養心殿外,趙公公守在殿外的身影盡職地站著,仿若恒古不變。
白珝帶著常平還未走近,眼尖的趙公公便發現了他們,立馬笑著走過來,遠遠地向白珝行禮道:“太子殿子,您可來了,陛下念叨您許久了。”
白珝生病一事,宮裏頭的人全都知道,現在看見白珝出現在養心殿外,就代表著白珝的病即便沒有好徹底,也已好了大半。
至於白珝的身體好不好,誰不知道他剛把奇毒解了,要把身體調理好至少需要三年的時間呀?
所以趙公公這個人精沒問他的病好了沒有,也沒問他的身體感覺怎麼樣,而是直接就說天元帝想他了,把天元帝在百忙中依舊擔心兒子,掛念兒子的形象很好地刻畫了出來,在白珝麵前幫天元帝刷了一把好感。
白珝自是明白趙公公的意思,遂笑道:“孤這不是來了嗎?公公,父皇現下可是有空了?”
跟在白珝身後的常平向趙公公行了個禮。
趙公公微笑頷首,對著白珝道:“有,有,有,陛下吩咐過,隻要是太子殿下您過來,立即引見,不需在外頭等著,您請隨奴婢來。”
“有勞公公了。”
“太子殿下您言重了,可真是折煞奴婢……”
趙公公帶著白珝一路有說有笑的,一起走到了養心殿外。
站在殿門外,趙公公恭敬地向裏麵通傳:“陛下,太子殿下來了。”
“讓他進來!”天元帝低沉渾厚的聲音從裏麵傳出,帶著一股令人折服的氣勢,那是大權在握之人才有自信與威壓。
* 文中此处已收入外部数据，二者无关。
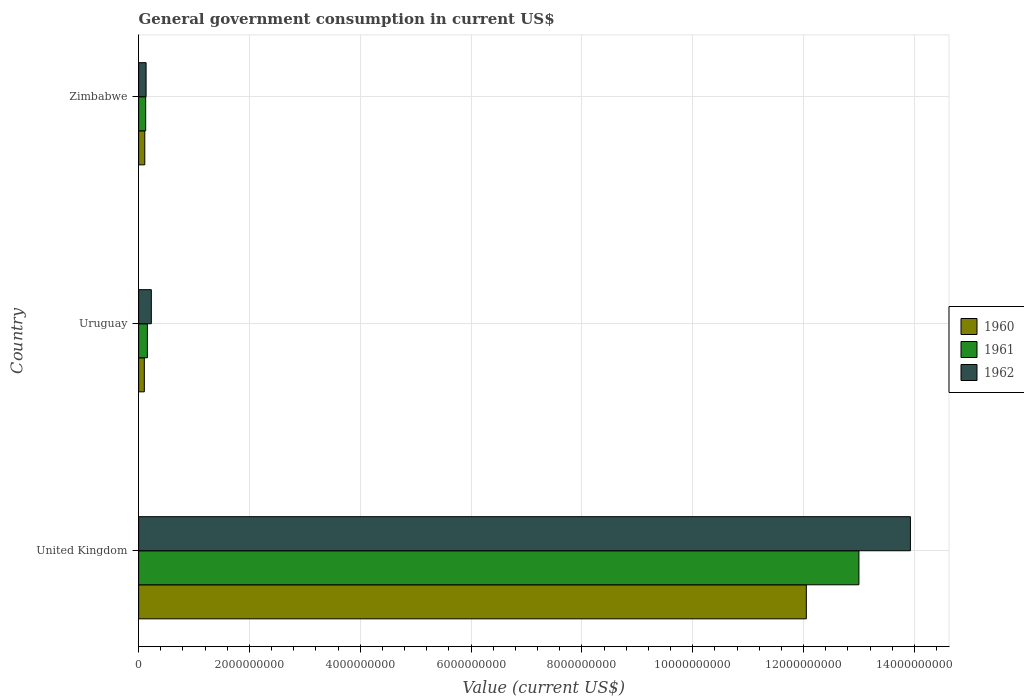How many groups of bars are there?
Offer a terse response. 3. In how many cases, is the number of bars for a given country not equal to the number of legend labels?
Your answer should be compact. 0. What is the government conusmption in 1961 in United Kingdom?
Provide a succinct answer. 1.30e+1. Across all countries, what is the maximum government conusmption in 1961?
Provide a succinct answer. 1.30e+1. Across all countries, what is the minimum government conusmption in 1961?
Your answer should be very brief. 1.27e+08. In which country was the government conusmption in 1962 maximum?
Offer a very short reply. United Kingdom. In which country was the government conusmption in 1962 minimum?
Give a very brief answer. Zimbabwe. What is the total government conusmption in 1960 in the graph?
Make the answer very short. 1.23e+1. What is the difference between the government conusmption in 1962 in United Kingdom and that in Uruguay?
Give a very brief answer. 1.37e+1. What is the difference between the government conusmption in 1960 in Zimbabwe and the government conusmption in 1962 in Uruguay?
Offer a very short reply. -1.18e+08. What is the average government conusmption in 1962 per country?
Make the answer very short. 4.76e+09. What is the difference between the government conusmption in 1962 and government conusmption in 1961 in Zimbabwe?
Ensure brevity in your answer.  7.39e+06. In how many countries, is the government conusmption in 1960 greater than 10400000000 US$?
Make the answer very short. 1. What is the ratio of the government conusmption in 1961 in United Kingdom to that in Zimbabwe?
Offer a very short reply. 102.08. What is the difference between the highest and the second highest government conusmption in 1962?
Provide a short and direct response. 1.37e+1. What is the difference between the highest and the lowest government conusmption in 1962?
Provide a succinct answer. 1.38e+1. How many bars are there?
Provide a short and direct response. 9. Where does the legend appear in the graph?
Give a very brief answer. Center right. How many legend labels are there?
Keep it short and to the point. 3. How are the legend labels stacked?
Ensure brevity in your answer.  Vertical. What is the title of the graph?
Your answer should be very brief. General government consumption in current US$. What is the label or title of the X-axis?
Give a very brief answer. Value (current US$). What is the Value (current US$) in 1960 in United Kingdom?
Your response must be concise. 1.20e+1. What is the Value (current US$) in 1961 in United Kingdom?
Keep it short and to the point. 1.30e+1. What is the Value (current US$) of 1962 in United Kingdom?
Ensure brevity in your answer.  1.39e+1. What is the Value (current US$) in 1960 in Uruguay?
Provide a short and direct response. 1.03e+08. What is the Value (current US$) of 1961 in Uruguay?
Your response must be concise. 1.58e+08. What is the Value (current US$) in 1962 in Uruguay?
Offer a very short reply. 2.29e+08. What is the Value (current US$) in 1960 in Zimbabwe?
Your answer should be compact. 1.11e+08. What is the Value (current US$) of 1961 in Zimbabwe?
Provide a succinct answer. 1.27e+08. What is the Value (current US$) in 1962 in Zimbabwe?
Offer a very short reply. 1.35e+08. Across all countries, what is the maximum Value (current US$) of 1960?
Your answer should be compact. 1.20e+1. Across all countries, what is the maximum Value (current US$) in 1961?
Ensure brevity in your answer.  1.30e+1. Across all countries, what is the maximum Value (current US$) in 1962?
Your response must be concise. 1.39e+1. Across all countries, what is the minimum Value (current US$) in 1960?
Ensure brevity in your answer.  1.03e+08. Across all countries, what is the minimum Value (current US$) of 1961?
Offer a very short reply. 1.27e+08. Across all countries, what is the minimum Value (current US$) of 1962?
Give a very brief answer. 1.35e+08. What is the total Value (current US$) of 1960 in the graph?
Provide a succinct answer. 1.23e+1. What is the total Value (current US$) in 1961 in the graph?
Ensure brevity in your answer.  1.33e+1. What is the total Value (current US$) of 1962 in the graph?
Offer a terse response. 1.43e+1. What is the difference between the Value (current US$) in 1960 in United Kingdom and that in Uruguay?
Offer a very short reply. 1.19e+1. What is the difference between the Value (current US$) in 1961 in United Kingdom and that in Uruguay?
Keep it short and to the point. 1.28e+1. What is the difference between the Value (current US$) in 1962 in United Kingdom and that in Uruguay?
Give a very brief answer. 1.37e+1. What is the difference between the Value (current US$) of 1960 in United Kingdom and that in Zimbabwe?
Keep it short and to the point. 1.19e+1. What is the difference between the Value (current US$) of 1961 in United Kingdom and that in Zimbabwe?
Offer a terse response. 1.29e+1. What is the difference between the Value (current US$) in 1962 in United Kingdom and that in Zimbabwe?
Offer a very short reply. 1.38e+1. What is the difference between the Value (current US$) of 1960 in Uruguay and that in Zimbabwe?
Your response must be concise. -8.26e+06. What is the difference between the Value (current US$) in 1961 in Uruguay and that in Zimbabwe?
Provide a succinct answer. 3.09e+07. What is the difference between the Value (current US$) in 1962 in Uruguay and that in Zimbabwe?
Keep it short and to the point. 9.44e+07. What is the difference between the Value (current US$) in 1960 in United Kingdom and the Value (current US$) in 1961 in Uruguay?
Offer a very short reply. 1.19e+1. What is the difference between the Value (current US$) of 1960 in United Kingdom and the Value (current US$) of 1962 in Uruguay?
Provide a short and direct response. 1.18e+1. What is the difference between the Value (current US$) in 1961 in United Kingdom and the Value (current US$) in 1962 in Uruguay?
Your answer should be very brief. 1.28e+1. What is the difference between the Value (current US$) in 1960 in United Kingdom and the Value (current US$) in 1961 in Zimbabwe?
Keep it short and to the point. 1.19e+1. What is the difference between the Value (current US$) of 1960 in United Kingdom and the Value (current US$) of 1962 in Zimbabwe?
Provide a short and direct response. 1.19e+1. What is the difference between the Value (current US$) of 1961 in United Kingdom and the Value (current US$) of 1962 in Zimbabwe?
Provide a succinct answer. 1.29e+1. What is the difference between the Value (current US$) of 1960 in Uruguay and the Value (current US$) of 1961 in Zimbabwe?
Your answer should be compact. -2.45e+07. What is the difference between the Value (current US$) in 1960 in Uruguay and the Value (current US$) in 1962 in Zimbabwe?
Ensure brevity in your answer.  -3.19e+07. What is the difference between the Value (current US$) in 1961 in Uruguay and the Value (current US$) in 1962 in Zimbabwe?
Make the answer very short. 2.35e+07. What is the average Value (current US$) of 1960 per country?
Your answer should be compact. 4.09e+09. What is the average Value (current US$) of 1961 per country?
Your response must be concise. 4.43e+09. What is the average Value (current US$) in 1962 per country?
Provide a succinct answer. 4.76e+09. What is the difference between the Value (current US$) in 1960 and Value (current US$) in 1961 in United Kingdom?
Provide a short and direct response. -9.49e+08. What is the difference between the Value (current US$) in 1960 and Value (current US$) in 1962 in United Kingdom?
Provide a short and direct response. -1.88e+09. What is the difference between the Value (current US$) of 1961 and Value (current US$) of 1962 in United Kingdom?
Offer a terse response. -9.29e+08. What is the difference between the Value (current US$) in 1960 and Value (current US$) in 1961 in Uruguay?
Keep it short and to the point. -5.54e+07. What is the difference between the Value (current US$) of 1960 and Value (current US$) of 1962 in Uruguay?
Ensure brevity in your answer.  -1.26e+08. What is the difference between the Value (current US$) in 1961 and Value (current US$) in 1962 in Uruguay?
Your answer should be very brief. -7.09e+07. What is the difference between the Value (current US$) in 1960 and Value (current US$) in 1961 in Zimbabwe?
Keep it short and to the point. -1.63e+07. What is the difference between the Value (current US$) in 1960 and Value (current US$) in 1962 in Zimbabwe?
Your response must be concise. -2.37e+07. What is the difference between the Value (current US$) of 1961 and Value (current US$) of 1962 in Zimbabwe?
Provide a succinct answer. -7.39e+06. What is the ratio of the Value (current US$) in 1960 in United Kingdom to that in Uruguay?
Your answer should be compact. 117.2. What is the ratio of the Value (current US$) in 1961 in United Kingdom to that in Uruguay?
Offer a terse response. 82.14. What is the ratio of the Value (current US$) of 1962 in United Kingdom to that in Uruguay?
Provide a succinct answer. 60.77. What is the ratio of the Value (current US$) in 1960 in United Kingdom to that in Zimbabwe?
Make the answer very short. 108.49. What is the ratio of the Value (current US$) in 1961 in United Kingdom to that in Zimbabwe?
Keep it short and to the point. 102.08. What is the ratio of the Value (current US$) in 1962 in United Kingdom to that in Zimbabwe?
Provide a short and direct response. 103.37. What is the ratio of the Value (current US$) in 1960 in Uruguay to that in Zimbabwe?
Your response must be concise. 0.93. What is the ratio of the Value (current US$) in 1961 in Uruguay to that in Zimbabwe?
Offer a terse response. 1.24. What is the ratio of the Value (current US$) of 1962 in Uruguay to that in Zimbabwe?
Make the answer very short. 1.7. What is the difference between the highest and the second highest Value (current US$) of 1960?
Make the answer very short. 1.19e+1. What is the difference between the highest and the second highest Value (current US$) of 1961?
Keep it short and to the point. 1.28e+1. What is the difference between the highest and the second highest Value (current US$) of 1962?
Your answer should be very brief. 1.37e+1. What is the difference between the highest and the lowest Value (current US$) in 1960?
Offer a terse response. 1.19e+1. What is the difference between the highest and the lowest Value (current US$) in 1961?
Provide a succinct answer. 1.29e+1. What is the difference between the highest and the lowest Value (current US$) of 1962?
Your answer should be very brief. 1.38e+1.

“太子殿下,裏邊請。”趙公公轉向白珝,推開殿門讓他進去。
走進養心殿內,白珝帶著常平向天元帝恭恭敬敬地行了個禮:“兒臣給父皇請安!”
“起來吧!”天元帝正坐在龍案後批閱折子,抬頭看了白珝一眼,繼續把目光放在手頭的折子上。“坐!”
趙公公已經讓宮人搬了一張椅子進來,就放在天元帝下首不遠處。
白珝從地上站起身,走到椅子前坐下,低聲向趙公公道了聲謝。
趙公公連連搖頭,走到天元帝身後站著。
天元帝擱下手中折子,悠閑地靠在龍椅椅背上,將白珝打量一番,見他臉色依舊蒼白,但精神尚算不錯,遂笑道:“今兒精神倒是不錯。”
“這幾日讓父皇擔心了,倒是兒臣的不孝——”
天元帝不客氣地打斷他:“行了,咱父子倆還用這麼客氣?說吧,來找朕有什麼事?”
白珝看了看分散站立在殿內的宮人們,眼神微動。
天元帝會意,對趙公公道:“你們先下去吧。”
“喏!”趙公公揮動手中的拂塵,把養心殿內的宮人全部趕了出去,他自己則帶著常平走到最後,還貼心地關上了養心殿的大門。
等到養心殿內的人都走光了,隻剩下他們父子兩個,白珝才問道:“父皇,可還記得秀景山的莫道先?”
“你是說那個跑到秀景山躲起來,一躲就是二十年的膽小鬼?”
白珝:“……”
他沒想到莫神醫在天元帝的心裏是這麼個形象,差點繃不住笑了。